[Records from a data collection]
Content starts
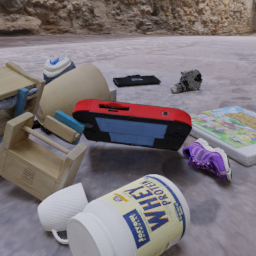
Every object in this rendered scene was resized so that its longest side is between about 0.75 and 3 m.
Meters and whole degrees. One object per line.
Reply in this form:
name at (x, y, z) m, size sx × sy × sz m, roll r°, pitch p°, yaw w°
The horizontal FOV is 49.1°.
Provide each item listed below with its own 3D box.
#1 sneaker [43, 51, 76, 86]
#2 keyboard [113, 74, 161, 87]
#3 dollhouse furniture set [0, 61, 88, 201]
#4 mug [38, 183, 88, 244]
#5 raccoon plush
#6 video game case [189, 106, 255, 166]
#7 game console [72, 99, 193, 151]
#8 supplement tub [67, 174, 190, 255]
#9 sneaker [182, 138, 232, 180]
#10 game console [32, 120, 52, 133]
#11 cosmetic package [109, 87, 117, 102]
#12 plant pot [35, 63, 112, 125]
sneaker at (-1.993, -2.059, 11.016) m, size 2.623 × 1.920 × 1.057 m, roll -11°, pitch 25°, yaw -26°
keyboard at (0.393, -2.370, 13.991) m, size 2.241 × 0.287 × 1.346 m, roll -6°, pitch 30°, yaw -17°
dollhouse furniture set at (-2.210, 0.278, 5.968) m, size 2.884 × 2.021 × 2.033 m, roll 29°, pitch 27°, yaw 6°
mug at (-0.975, 1.392, 4.438) m, size 0.758 × 0.638 × 0.864 m, roll -19°, pitch 54°, yaw -12°
raccoon plush at (2.450, -2.225, 12.905) m, size 1.951 × 0.944 × 1.307 m, roll -11°, pitch 17°, yaw -25°
video game case at (3.198, 0.046, 8.001) m, size 2.631 × 0.319 × 2.890 m, roll -11°, pitch 24°, yaw -25°
game console at (0.091, 0.054, 6.232) m, size 2.405 × 2.127 × 0.373 m, roll 7°, pitch 67°, yaw 4°
supplement tub at (0.021, 1.349, 3.854) m, size 1.456 × 1.056 × 1.056 m, roll -17°, pitch 28°, yaw -37°
sneaker at (1.704, 0.759, 6.162) m, size 0.658 × 0.636 × 1.577 m, roll -21°, pitch 17°, yaw -9°
game console at (-2.553, -0.038, 8.454) m, size 0.722 × 0.148 × 1.224 m, roll -17°, pitch 26°, yaw -35°
cosmetic package at (-1.109, -1.140, 10.581) m, size 0.723 × 0.610 × 1.353 m, roll 18°, pitch 26°, yaw 36°
plant pot at (-1.816, -0.835, 8.479) m, size 1.962 × 1.837 × 1.837 m, roll -23°, pitch 31°, yaw -30°
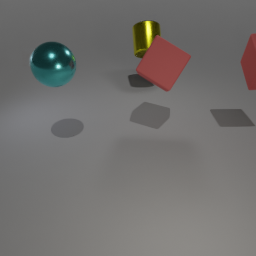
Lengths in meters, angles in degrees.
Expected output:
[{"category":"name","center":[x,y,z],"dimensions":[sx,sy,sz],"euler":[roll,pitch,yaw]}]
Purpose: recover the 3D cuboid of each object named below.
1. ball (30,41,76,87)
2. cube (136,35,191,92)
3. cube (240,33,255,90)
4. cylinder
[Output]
[{"category":"ball","center":[-2.323,-1.974,8.750],"dimensions":[1.400,1.400,1.400],"euler":[0,32,0]},{"category":"cube","center":[1.256,-2.283,10.223],"dimensions":[1.400,1.400,1.400],"euler":[32,7,1]},{"category":"cube","center":[4.914,-2.306,9.697],"dimensions":[1.400,1.400,1.400],"euler":[-3,60,4]},{"category":"cylinder","center":[0.943,-4.325,13.808],"dimensions":[1.400,1.400,1.400],"euler":[-4,-5,0]}]
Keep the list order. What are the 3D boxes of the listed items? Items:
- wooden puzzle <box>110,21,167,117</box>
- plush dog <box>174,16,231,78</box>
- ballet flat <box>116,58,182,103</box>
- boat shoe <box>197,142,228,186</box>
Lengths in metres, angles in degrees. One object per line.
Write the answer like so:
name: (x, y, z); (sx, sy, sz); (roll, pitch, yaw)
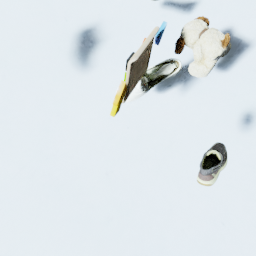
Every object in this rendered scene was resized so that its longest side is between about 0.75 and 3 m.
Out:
wooden puzzle: (0.195, -1.329, 5.972); (0.255, 1.469, 2.178); (28, 49, 7)
plush dog: (1.912, -2.241, 7.186); (1.270, 1.186, 1.478); (40, 76, 14)
ballet flat: (0.546, -1.289, 7.183); (1.923, 0.668, 0.668); (-29, 69, -6)
boat shoe: (1.616, 0.588, 5.231); (0.426, 0.392, 1.193); (18, 40, 26)
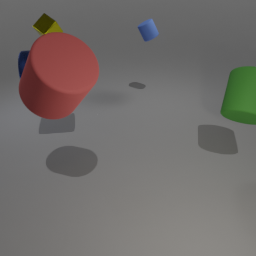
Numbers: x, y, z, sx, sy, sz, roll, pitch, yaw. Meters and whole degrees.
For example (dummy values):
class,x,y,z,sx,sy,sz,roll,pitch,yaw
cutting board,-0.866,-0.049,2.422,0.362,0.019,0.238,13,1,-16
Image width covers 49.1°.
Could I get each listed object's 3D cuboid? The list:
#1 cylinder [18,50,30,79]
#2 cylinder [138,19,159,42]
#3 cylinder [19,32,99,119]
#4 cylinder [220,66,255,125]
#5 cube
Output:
class,x,y,z,sx,sy,sz,roll,pitch,yaw
cylinder,-2.668,-1.835,9.123,1.400,1.400,1.400,-5,32,-5
cylinder,0.870,-4.209,12.063,0.700,0.700,0.700,-25,27,14
cylinder,-1.525,-1.073,6.064,1.400,1.400,1.400,12,64,-26
cylinder,3.700,-0.961,8.588,1.400,1.400,1.400,16,-8,2
cube,-3.098,-3.843,10.871,0.700,0.700,0.700,38,85,17
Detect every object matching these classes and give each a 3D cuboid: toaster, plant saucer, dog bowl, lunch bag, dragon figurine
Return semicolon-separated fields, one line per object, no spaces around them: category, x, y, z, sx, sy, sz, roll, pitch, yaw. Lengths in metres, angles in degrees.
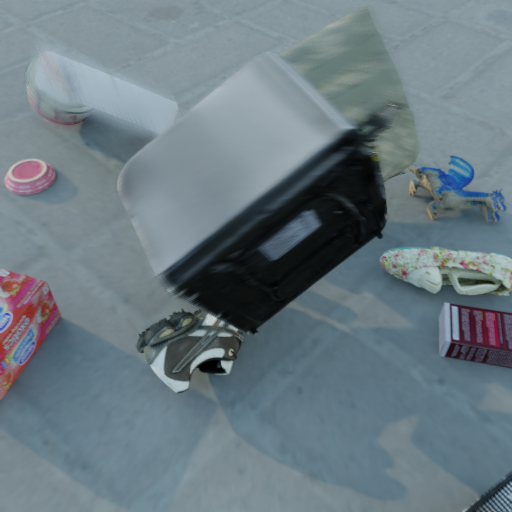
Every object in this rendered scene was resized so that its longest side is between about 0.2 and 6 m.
toaster;0.186;-0.700;7.398;3.206;2.899;1.903;-38;65;5
plant saucer;-4.899;-1.751;12.092;1.057;0.268;1.057;0;47;0
dog bowl;-4.642;-3.899;13.403;1.759;0.648;1.759;16;54;-23
lunch bag;1.445;-2.488;10.665;2.631;3.208;1.886;-31;14;-7
dragon figurine;3.938;-1.528;11.535;1.314;0.778;2.642;-17;50;-15

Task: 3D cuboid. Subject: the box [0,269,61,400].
box;-4.060;1.259;8.821;0.915;0.955;1.916;14;49;13

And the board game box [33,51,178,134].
board game box;-2.801;-3.218;11.260;2.373;0.651;3.759;20;11;-13

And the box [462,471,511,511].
box;2.940;4.504;5.940;3.144;0.773;3.256;-26;53;-19

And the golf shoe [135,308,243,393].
golf shoe;-0.579;1.240;8.999;2.629;1.022;1.242;-26;80;-32

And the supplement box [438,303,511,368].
supplement box;3.790;1.314;9.105;1.522;0.463;0.828;9;47;9

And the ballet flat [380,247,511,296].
ballet flat;3.381;0.296;9.826;2.350;0.889;0.751;2;56;5
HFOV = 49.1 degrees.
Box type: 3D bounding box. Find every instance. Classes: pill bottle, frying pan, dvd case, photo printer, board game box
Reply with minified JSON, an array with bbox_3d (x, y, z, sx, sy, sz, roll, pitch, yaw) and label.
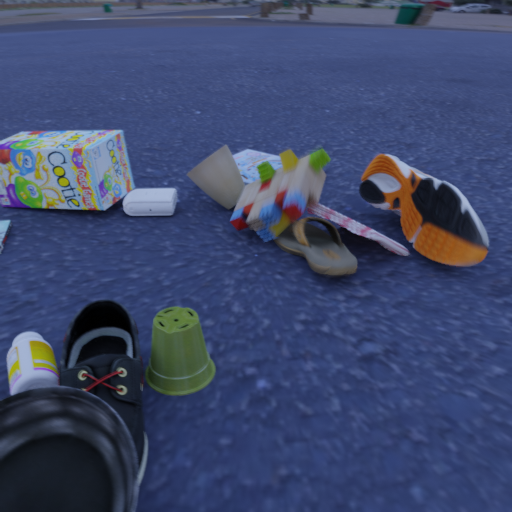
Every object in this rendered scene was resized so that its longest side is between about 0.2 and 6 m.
[{"bbox_3d":[-2.853,1.428,7.142,0.573,0.573,1.100,-12,30,-22],"label":"pill bottle"},{"bbox_3d":[-1.367,2.228,4.866,3.611,0.588,2.184,-1,52,12],"label":"frying pan"},{"bbox_3d":[-5.379,-0.335,10.911,0.983,0.148,1.346,-6,29,-10],"label":"dvd case"},{"bbox_3d":[-2.325,-1.183,12.227,1.116,0.388,0.929,-1,26,0],"label":"photo printer"},{"bbox_3d":[-0.014,-2.012,13.756,2.035,0.420,2.040,19,34,32],"label":"board game box"},{"bbox_3d":[-4.264,-1.898,12.271,2.650,1.390,1.365,3,28,18],"label":"board game box"}]

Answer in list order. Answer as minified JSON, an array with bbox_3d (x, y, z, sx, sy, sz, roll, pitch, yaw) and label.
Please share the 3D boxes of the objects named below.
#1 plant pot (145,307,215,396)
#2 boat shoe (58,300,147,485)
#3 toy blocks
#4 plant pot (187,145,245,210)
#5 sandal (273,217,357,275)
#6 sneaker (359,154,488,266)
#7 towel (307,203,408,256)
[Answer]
[{"bbox_3d":[-1.022,1.168,7.302,0.934,0.887,0.934,-1,28,0],"label":"plant pot"},{"bbox_3d":[-1.853,1.582,6.548,1.068,0.914,2.918,-3,29,-12],"label":"boat shoe"},{"bbox_3d":[0.368,-0.991,10.821,2.250,1.124,1.538,-21,35,37],"label":"toy blocks"},{"bbox_3d":[-0.732,-1.630,12.191,1.081,1.155,1.081,-36,9,7],"label":"plant pot"},{"bbox_3d":[1.079,-0.333,10.239,1.004,0.675,2.499,-8,21,-17],"label":"sandal"},{"bbox_3d":[3.494,-0.905,10.804,1.592,1.310,3.461,13,27,-28],"label":"sneaker"},{"bbox_3d":[1.904,-0.483,10.555,1.278,0.261,1.747,20,10,-43],"label":"towel"}]
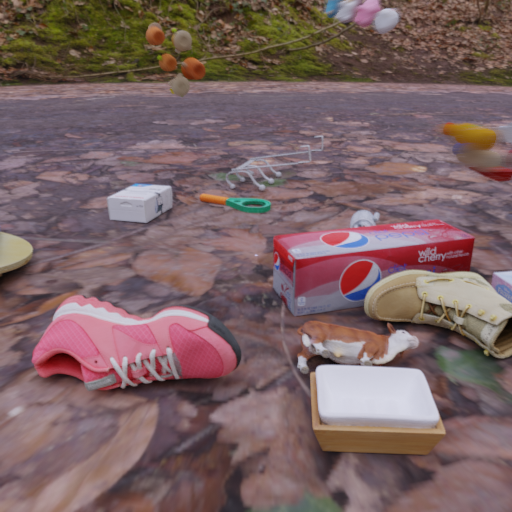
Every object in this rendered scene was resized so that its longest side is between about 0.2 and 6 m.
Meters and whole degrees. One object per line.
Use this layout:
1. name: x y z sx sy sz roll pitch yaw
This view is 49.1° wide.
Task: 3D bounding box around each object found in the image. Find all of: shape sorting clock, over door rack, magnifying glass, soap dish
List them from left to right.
Content ends
- _Exercise_: The word "around" appears in some lines of the data. Copy every one of those lines.

- _Reply to the task_:
Return semicolon-separated fields, one line per object, no spaces around them: category, x, y, z, sx, sy, sz, roll, pitch, yaw. Lengths in metres, angles in degrees.
Task: 3D bounding box around each object found in the image. Find all of: shape sorting clock, over door rack, magnifying glass, soap dish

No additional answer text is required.